3D cell culture techniques accurately represent how cells grow and how they are affected by diseases, including cancer. In such a view, 3D cultures offer a great opportunity for cancer treatment research, allowing to investigate molecular therapeutic targets and their pharmacological inhibition. Indeed, 3D cultures represent valuable simulators of cancer tissues, as they exhibit similar growth and treatment response patterns.
However, there are challenges to be addressed, as the reproducibility of 3D cultures depends on many variables, including the substrate in which cells grow, the proper phase of growth and cancer features.
The model applied in this study reduces the substrate-related variables, since a small bioreactor, integrating a 3D synthetic, inert, and biocompatible scaffold, was used to favor reproducible cell colonization and growth. Due to the high amount of cells, real-time monitoring of cells viability and cell number estimation with Real-Time Glo (Promega) (as reported in Candini et al. 2019) is not possible. However, the scope of this work does not require this specific type of evaluation. Histology, immunohistochemistry and NGS give evidence about cell presence, viability and behaviuor with the main aim to compare the 3D culture with its original tumor counterpart.
The growth phase can be controlled by stimulating, with appropriate growth factors, only the component of interest (epithelial if the growth of carcinoma is to be stimulated, mesenchymal if of sarcoma), generating an in vitro model where tumor progression acceleration may reveal the mechanisms underlying neoplastic transformation for a drug discovery approach.
Furthermore, the morphologic and immunophenotypic analogies between 3D growth and primary tumor, combined with the rapid establishment of primary cultures, reduced the quantity of culture medium and growth factors, being time- and cost-effective. Compared to 2D cultures and even to animal models, 3D cultures provide a more reliable tool in predicting how drug treatments will affect patients.[22]

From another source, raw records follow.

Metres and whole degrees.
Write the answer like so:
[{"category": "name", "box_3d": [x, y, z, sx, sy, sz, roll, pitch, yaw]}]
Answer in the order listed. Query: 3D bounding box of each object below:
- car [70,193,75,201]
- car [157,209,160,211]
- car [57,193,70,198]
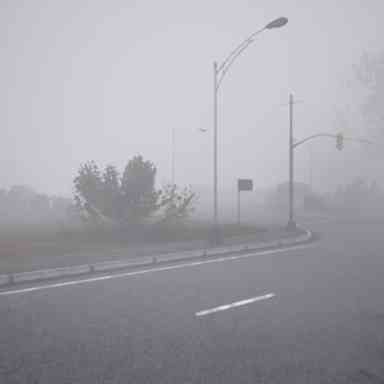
[{"category": "car", "box_3d": [-17.680, 1.364, 54.289, 2.097, 1.767, 4.553, 0, 0, -38]}, {"category": "car", "box_3d": [-5.561, 1.487, 38.961, 1.837, 1.490, 4.892, 0, 0, -39]}, {"category": "car", "box_3d": [-32.212, 1.196, 84.701, 2.150, 2.045, 5.566, 0, 0, -36]}]

Most of the in vitro knowledge regarding spontaneous tumors in small animals comes from the study of 2D cell cultures or of the tumor itself.[1] However, it is well known that the monolayer 2D growth is represented by neoplastic cells having unlimited access to the ingredients of the medium, including oxygen, nutrients and signal molecules, which does not mimic a natural neoplastic mass. An additional important drawback is due to the fact that cancer development and progression rely not only on the main cell population, but also on the interactions with the associated stroma, intended as the matrix and stromal cells. When neoplastic cells are placed back into an in vivo environment (i.e., an animal model) or are grown in a 3D system, proliferation and gene/protein expression are much closer to the ones occurring within the tumor than those grown in a 2D systems.[1]
In our study, it has been shown that morphology and immunophenotype of 3D cell cultures are able to adequately replicate the growth of canine primary carcinomas and soft tissue sarcomas, not only by the expression of the primary tumor differentiation markers, but also by re-creating a tumor microenvironment, characterized by stromal fibroblasts in all the epithelial tumor cultures and inflammatory cells (macrophages in one case).

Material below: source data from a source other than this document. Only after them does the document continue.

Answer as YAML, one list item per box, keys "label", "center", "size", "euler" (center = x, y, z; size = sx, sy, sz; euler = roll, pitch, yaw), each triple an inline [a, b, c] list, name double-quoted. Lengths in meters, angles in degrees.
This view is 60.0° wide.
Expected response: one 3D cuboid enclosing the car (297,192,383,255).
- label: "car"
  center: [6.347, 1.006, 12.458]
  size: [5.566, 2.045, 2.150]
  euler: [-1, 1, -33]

While the expression of differentiation markers between primary tumors and 3D growths was overall concordant, in one sarcoma case actin was expressed by the primary tumor only. This discrepancy may be due to a de-differentiation in cell cultures rather than to the selective growth of cells negative for that marker, which represented half of the population in the primary tumor.
At the genetic level in sarcomas, no sequence alterations were found nether in 3D cell culture nor in primary tumor samples. Intriguingly, comparing the MDM2 amplicon coverage value with that of TP53, in one case we observed a preferential amplification in MDM2 amplicons, hypothesizing a possible MDM2 amplification, both in 3D cell culture and in primary tumor specimens from the same sample. Indeed, in the other two cases, the amplicons ratio (MDM2 coverage:TP53 coverage) was near 1, and also in these samples, the ratio was similar both in 3D cell culture and in primary tumor specimens.

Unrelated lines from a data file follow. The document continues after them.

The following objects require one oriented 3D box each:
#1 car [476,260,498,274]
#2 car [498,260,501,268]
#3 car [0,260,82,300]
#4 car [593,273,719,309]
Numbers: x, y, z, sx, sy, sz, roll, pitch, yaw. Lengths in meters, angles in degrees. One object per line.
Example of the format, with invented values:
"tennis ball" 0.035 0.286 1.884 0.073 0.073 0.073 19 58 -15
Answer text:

As well as morphologic and phenotypic similarities, also genomic data are concordant between primary tumours and the corresponding 3D cell cultures, which can be therefore considered a suitable substrate for biobanking even after formalin-fixation and paraffin embedding.
In oncology, several diagnostic tools are available to evaluate the expression of molecules aimed at tailoring treatment, thereby providing a precision approach. However, many of these tests are based on the evaluation of fixed tissues where cells viability is lost, leading to the impossibility to investigate cell function during tumor growth and progression. Being the cell-to-cell and cell-to-extracellular matrix interaction a fundamental condition for more representative tumor studies, we investigated and demonstrated the reproducibility of morphologic, immunophenotypic and tumor microenvironment aspects in in vitro models using 3D cultures obtained from canine carcinomas and soft tissue sarcomas. Furthermore, in this in vitro model, a genetic similarity was demonstrated with parallel amplicon coverage in primary tumor and corresponding cell culture.